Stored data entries
====

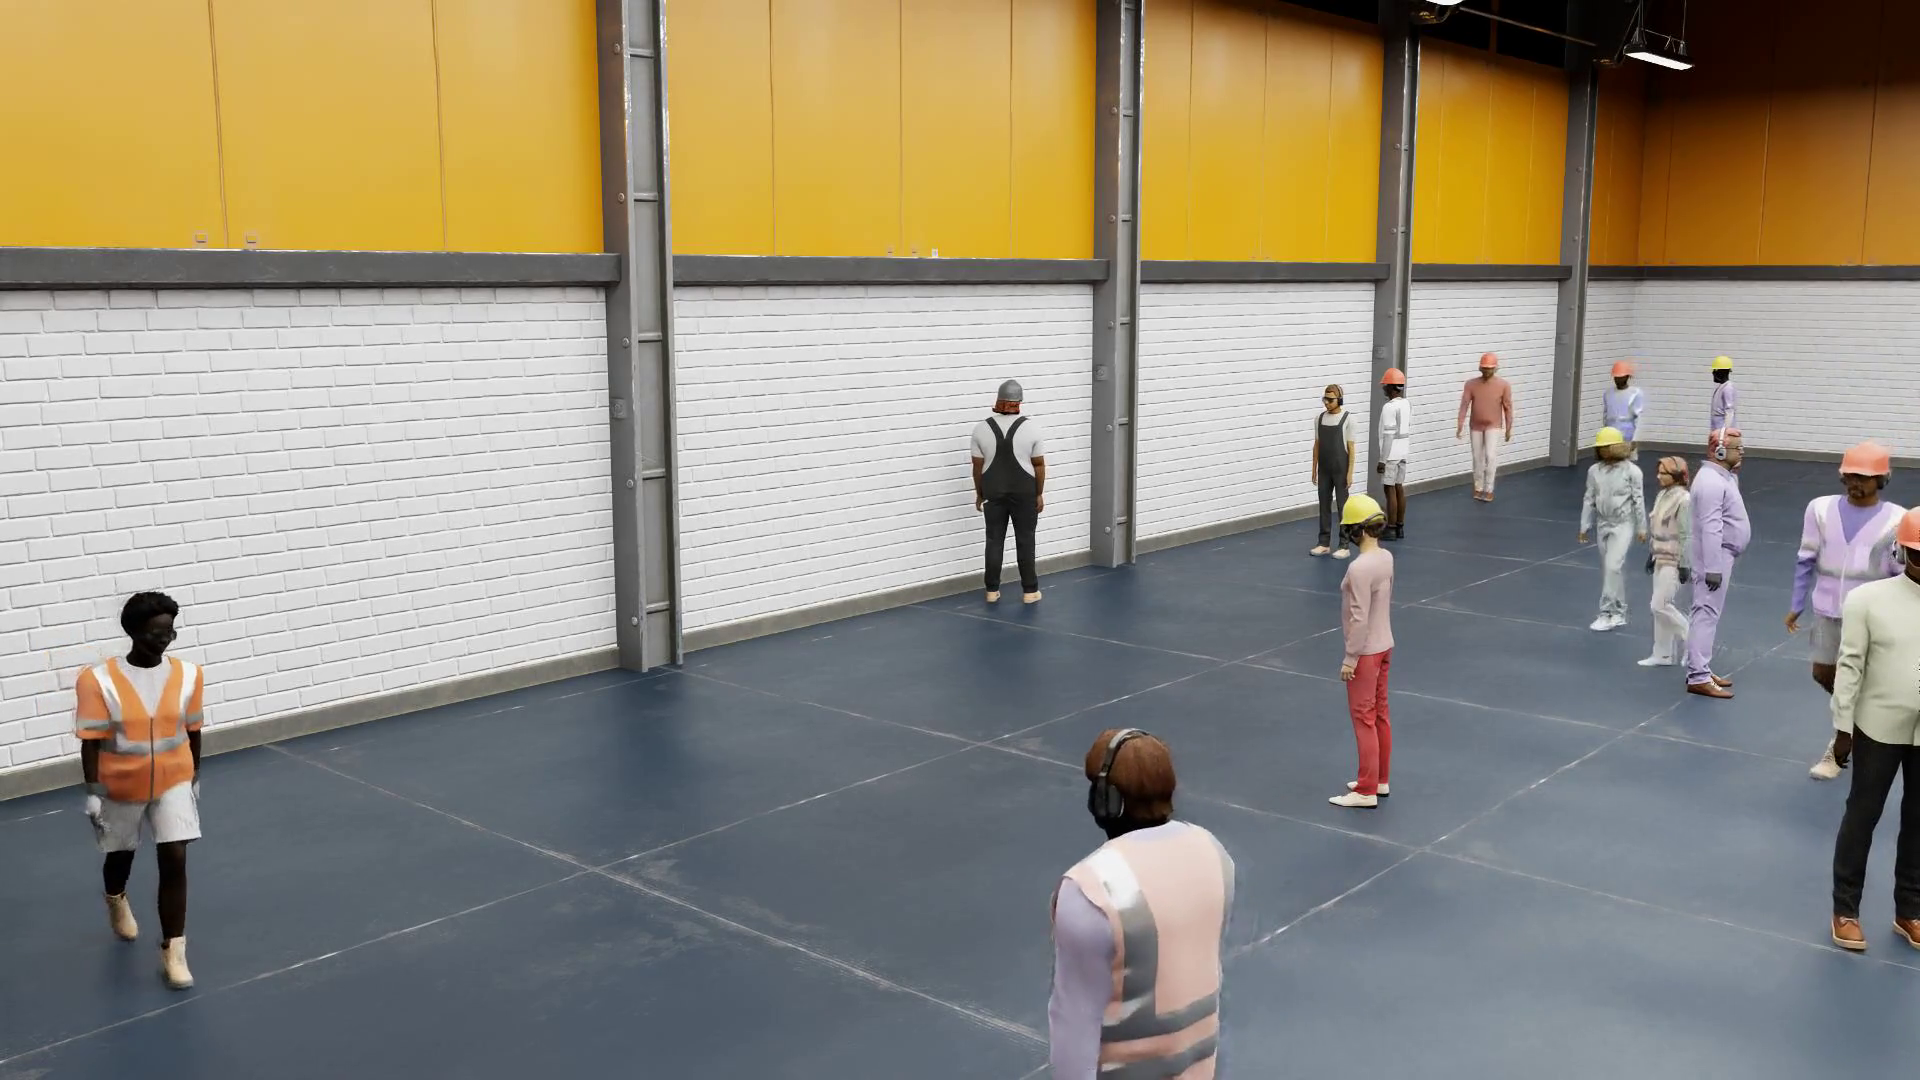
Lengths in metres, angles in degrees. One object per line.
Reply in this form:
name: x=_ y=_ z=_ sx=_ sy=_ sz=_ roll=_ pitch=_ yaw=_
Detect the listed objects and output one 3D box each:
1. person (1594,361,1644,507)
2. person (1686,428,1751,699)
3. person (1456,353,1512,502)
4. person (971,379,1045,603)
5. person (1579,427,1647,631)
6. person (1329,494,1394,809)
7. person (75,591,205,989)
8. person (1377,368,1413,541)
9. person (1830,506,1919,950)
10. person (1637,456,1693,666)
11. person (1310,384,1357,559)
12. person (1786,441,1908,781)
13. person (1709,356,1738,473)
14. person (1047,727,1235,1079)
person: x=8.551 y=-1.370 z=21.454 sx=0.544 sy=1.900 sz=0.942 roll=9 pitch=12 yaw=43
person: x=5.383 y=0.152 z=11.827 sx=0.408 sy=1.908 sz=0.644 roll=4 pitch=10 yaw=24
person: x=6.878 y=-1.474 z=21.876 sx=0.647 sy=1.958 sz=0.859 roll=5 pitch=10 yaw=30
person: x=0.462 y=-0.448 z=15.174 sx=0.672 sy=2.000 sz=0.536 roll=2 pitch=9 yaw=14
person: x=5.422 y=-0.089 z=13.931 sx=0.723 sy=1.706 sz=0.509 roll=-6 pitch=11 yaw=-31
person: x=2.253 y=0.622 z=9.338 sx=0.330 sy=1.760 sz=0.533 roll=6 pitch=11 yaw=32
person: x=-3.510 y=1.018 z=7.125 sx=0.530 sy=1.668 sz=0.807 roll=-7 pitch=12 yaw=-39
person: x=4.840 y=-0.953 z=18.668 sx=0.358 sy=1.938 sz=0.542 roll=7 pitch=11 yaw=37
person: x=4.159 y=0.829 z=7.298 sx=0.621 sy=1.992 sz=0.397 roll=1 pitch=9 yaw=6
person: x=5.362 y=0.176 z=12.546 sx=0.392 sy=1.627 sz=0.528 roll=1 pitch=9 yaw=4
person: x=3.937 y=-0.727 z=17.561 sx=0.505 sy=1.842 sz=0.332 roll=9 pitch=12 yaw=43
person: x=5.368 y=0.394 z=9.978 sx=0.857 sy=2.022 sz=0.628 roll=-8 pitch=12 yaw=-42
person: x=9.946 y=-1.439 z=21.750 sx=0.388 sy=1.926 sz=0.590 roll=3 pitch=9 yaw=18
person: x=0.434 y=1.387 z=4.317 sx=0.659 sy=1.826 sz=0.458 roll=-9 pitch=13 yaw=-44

====

# What you should do:
First drop every picture, then print the data above exactly as it stands.

# Solution:
Lengths in metres, angles in degrees. One object per line.
Reply in this form:
name: x=_ y=_ z=_ sx=_ sy=_ sz=_ roll=_ pitch=_ yaw=_
Detect the listed objects and output one 3D box each:
1. person (1594,361,1644,507)
2. person (1686,428,1751,699)
3. person (1456,353,1512,502)
4. person (971,379,1045,603)
5. person (1579,427,1647,631)
6. person (1329,494,1394,809)
7. person (75,591,205,989)
8. person (1377,368,1413,541)
9. person (1830,506,1919,950)
10. person (1637,456,1693,666)
11. person (1310,384,1357,559)
12. person (1786,441,1908,781)
13. person (1709,356,1738,473)
14. person (1047,727,1235,1079)
person: x=8.551 y=-1.370 z=21.454 sx=0.544 sy=1.900 sz=0.942 roll=9 pitch=12 yaw=43
person: x=5.383 y=0.152 z=11.827 sx=0.408 sy=1.908 sz=0.644 roll=4 pitch=10 yaw=24
person: x=6.878 y=-1.474 z=21.876 sx=0.647 sy=1.958 sz=0.859 roll=5 pitch=10 yaw=30
person: x=0.462 y=-0.448 z=15.174 sx=0.672 sy=2.000 sz=0.536 roll=2 pitch=9 yaw=14
person: x=5.422 y=-0.089 z=13.931 sx=0.723 sy=1.706 sz=0.509 roll=-6 pitch=11 yaw=-31
person: x=2.253 y=0.622 z=9.338 sx=0.330 sy=1.760 sz=0.533 roll=6 pitch=11 yaw=32
person: x=-3.510 y=1.018 z=7.125 sx=0.530 sy=1.668 sz=0.807 roll=-7 pitch=12 yaw=-39
person: x=4.840 y=-0.953 z=18.668 sx=0.358 sy=1.938 sz=0.542 roll=7 pitch=11 yaw=37
person: x=4.159 y=0.829 z=7.298 sx=0.621 sy=1.992 sz=0.397 roll=1 pitch=9 yaw=6
person: x=5.362 y=0.176 z=12.546 sx=0.392 sy=1.627 sz=0.528 roll=1 pitch=9 yaw=4
person: x=3.937 y=-0.727 z=17.561 sx=0.505 sy=1.842 sz=0.332 roll=9 pitch=12 yaw=43
person: x=5.368 y=0.394 z=9.978 sx=0.857 sy=2.022 sz=0.628 roll=-8 pitch=12 yaw=-42
person: x=9.946 y=-1.439 z=21.750 sx=0.388 sy=1.926 sz=0.590 roll=3 pitch=9 yaw=18
person: x=0.434 y=1.387 z=4.317 sx=0.659 sy=1.826 sz=0.458 roll=-9 pitch=13 yaw=-44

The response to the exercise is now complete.